Davalı … vekili, davanın reddini istemiştir.
Davalı… Sigorta A.Ş. vekili cevap dilekçesinde; dava şartı yerine getirilmemesi sebebi ile davanın usul yönünden reddi gerektiğini, davacı tarafından müvekkili şirkete eksik evrak ile başvurulduğunu, esasa ilişkin olarak, kazaya karıştığı belirtilen … plakalı aracın müvekkili şirkete sigortalı olduğunu, sigorta şirketinin sorumluluğunun sigortalının kusurlu olması halinde söz konusu olacağını, davacının trafik kazası sebebi ile meydana gelmiş bir maluliyetinin olup olmadığının ve varsa oranının belirlenmesi gerektiğini, tedavi giderlerinin tamamının yapılan kanun değişikliği ile Zorunlu Mali Trafik Poliçesi kapsamından çıkarıldığını, dava dilekçesinde kazaya bağlı olarak meydana geldiği yol giderinden bahsedildiğini, Zorunlu Mali Mesuliyet Sigorta Genel Şartları uyarınca dolaylı zararlar nedeniyle yöneltilecek tazminat taleplerinin sigorta kapsamı dışında olduğunu belirterek davanın usulden reddine, aksi taktirde davanın reddine karar verilmesini istemiştir.

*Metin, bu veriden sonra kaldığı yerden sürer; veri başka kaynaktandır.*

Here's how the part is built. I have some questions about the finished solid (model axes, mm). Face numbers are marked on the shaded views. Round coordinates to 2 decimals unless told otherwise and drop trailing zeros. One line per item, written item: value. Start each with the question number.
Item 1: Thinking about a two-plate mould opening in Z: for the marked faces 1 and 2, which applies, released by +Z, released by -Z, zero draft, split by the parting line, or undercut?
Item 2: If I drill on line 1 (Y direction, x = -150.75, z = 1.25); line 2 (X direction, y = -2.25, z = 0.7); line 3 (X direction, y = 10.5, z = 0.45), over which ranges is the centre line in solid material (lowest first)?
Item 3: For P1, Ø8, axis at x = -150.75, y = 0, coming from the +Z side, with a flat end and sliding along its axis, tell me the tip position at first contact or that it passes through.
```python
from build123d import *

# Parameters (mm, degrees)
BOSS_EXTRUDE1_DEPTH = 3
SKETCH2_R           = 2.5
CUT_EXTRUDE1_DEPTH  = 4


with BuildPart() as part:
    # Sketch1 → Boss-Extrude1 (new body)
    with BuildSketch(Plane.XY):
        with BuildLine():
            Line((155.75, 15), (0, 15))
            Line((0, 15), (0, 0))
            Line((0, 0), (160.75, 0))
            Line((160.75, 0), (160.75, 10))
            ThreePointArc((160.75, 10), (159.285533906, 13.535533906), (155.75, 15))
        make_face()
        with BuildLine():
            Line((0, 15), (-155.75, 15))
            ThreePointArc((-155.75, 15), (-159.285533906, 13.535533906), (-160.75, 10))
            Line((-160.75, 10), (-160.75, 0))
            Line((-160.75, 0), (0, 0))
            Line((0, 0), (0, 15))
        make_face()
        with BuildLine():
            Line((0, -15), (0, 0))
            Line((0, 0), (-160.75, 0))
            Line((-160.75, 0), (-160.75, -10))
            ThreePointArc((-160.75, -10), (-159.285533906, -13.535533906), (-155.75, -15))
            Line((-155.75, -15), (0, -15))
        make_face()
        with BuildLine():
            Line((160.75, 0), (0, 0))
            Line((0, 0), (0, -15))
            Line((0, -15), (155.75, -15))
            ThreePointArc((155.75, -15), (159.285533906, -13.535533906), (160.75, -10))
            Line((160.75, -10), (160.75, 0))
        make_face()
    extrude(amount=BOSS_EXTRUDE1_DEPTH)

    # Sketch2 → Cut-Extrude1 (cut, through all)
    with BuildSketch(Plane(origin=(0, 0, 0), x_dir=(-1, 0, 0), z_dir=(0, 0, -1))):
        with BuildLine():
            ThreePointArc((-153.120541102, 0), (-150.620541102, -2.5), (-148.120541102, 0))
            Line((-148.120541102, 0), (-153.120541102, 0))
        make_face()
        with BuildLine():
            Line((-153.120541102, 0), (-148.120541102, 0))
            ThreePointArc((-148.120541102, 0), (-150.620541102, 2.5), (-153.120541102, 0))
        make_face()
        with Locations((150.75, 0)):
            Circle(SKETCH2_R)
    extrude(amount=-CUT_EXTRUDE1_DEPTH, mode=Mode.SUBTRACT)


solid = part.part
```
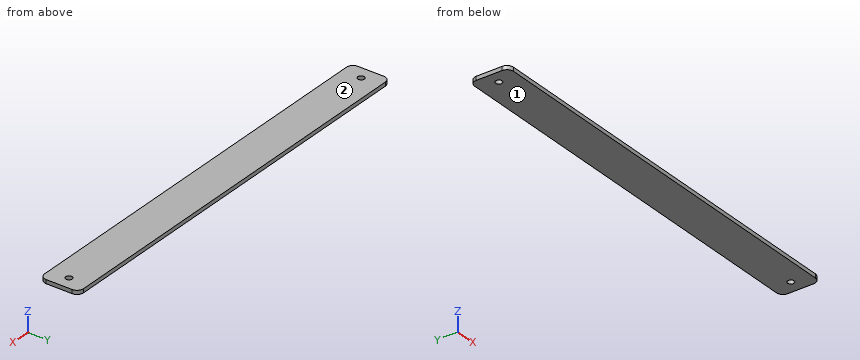
Values follow:
1. face 1: released by -Z
1. face 2: released by +Z
2. line 1: y = -15 to -2.5, 2.5 to 15
2. line 2: x = -160.75 to -151.84, -149.66 to 149.53, 151.71 to 160.75
2. line 3: x = -160.72 to 160.72
3. P1: stops at z = 3

Davalı …, davaya cevap vermemiştir.
İLK DERECE MAHKEMESİ KARARI
Mahkemece, davacının yolcu olarak bulunduğu aracın gece aydınlatması olmayan yolun sağında bulunan bankete tamamen sıfırlayacak ve karayoluna sarkmayacak şekilde çektikten sonra dörtlü flaşörleri yakarak bekleme yapması gerekirken karayolu üzerinde bekleme yapması nedeniyle arkadan gelen davalı sürücü tarafından kullanılan … plakalı aracın görüşün açık olduğu bir yolda sağ şeritte beklemekte olan … plakalı araca çarpması neticesi kazanın olduğunun, davalı araç sürücüsünün %75, davacıların bulunduğu araç sürücüsünün %25 kusurlu olduğunun tespit edildiği, davacı vekilinden tazminatın açıklanması istendiğinde 4.000,00 TL tedavi giderleri ve 6.000,00 TL maddi tazminat taleplerinin olduğunun bildirildiği, davacının milletvekili danışmanı olarak 5.000,00 TL maaş aldığı tespitine rağmen aktüerya bilirkişinin asgari ücret üzerinden hesaplama yaptığı, davacı vekilince mali durumuna ilişkin belgeler ve maaş bordroları sunularak itiraz edilmiş ise de; hastane giderleri konusunda heyete dahil edilen bilirkişi ek raporunda bu konuda değerlendirme yapılmamasına rağmen davacı vekilinin mevcut rapor üzerinden talep arttırım dilekçesi verdiği, bu durumda yeniden ek rapor alınmasında hukuki yararın olmadığı, davacının olay günü kardeşinin kullandığı araçla eşini almaya giderken kazanın olduğu, yakın akrabalık nedeniyle hatır taşımasının bulunmadığı, manevi tazminat yönünden tanıkların dinlendiği, davacı asıl ile kızının kaza nedeniyle yaşadıkları korku ve endişe hali ile davacı …’nin maluliyet durumu gözetilerek davacıları zenginleştirmeyecek davalıları ödeme güçlüğüne düşürmeyecek oranda duyulan acı ve ızdırabın bir nebze telafisi için manevi tazminata hükmedilmesi gerektiği gerekçesiyle maddi tazminat yönünden; davanın kısmen kabulü ile davacı … için 8.580,70 TL geçici, 77.995,34 TL kalıcı, 162,00 TL taksi gideri, 5.100,50 TL tedavi giderleri ve 1.280,00 TL belgeli giderler toplamı 93.118,54 TL’nin 08.12.2016 tarihinden avans faizi ile davalılardan müştereken ve müteselsilen tahsiline, fazlaya ilişkin talebin reddine, manevi tazminat yönünden; … için 75.000,00 TL, … … için 3.000,00 TL manevi tazminatın 16.07.2015 olay tarihinden davalı … ve davalı …’ndan yasal faizi ile tahsiline, fazlaya ilişkin talebin reddine karar verilmiştir.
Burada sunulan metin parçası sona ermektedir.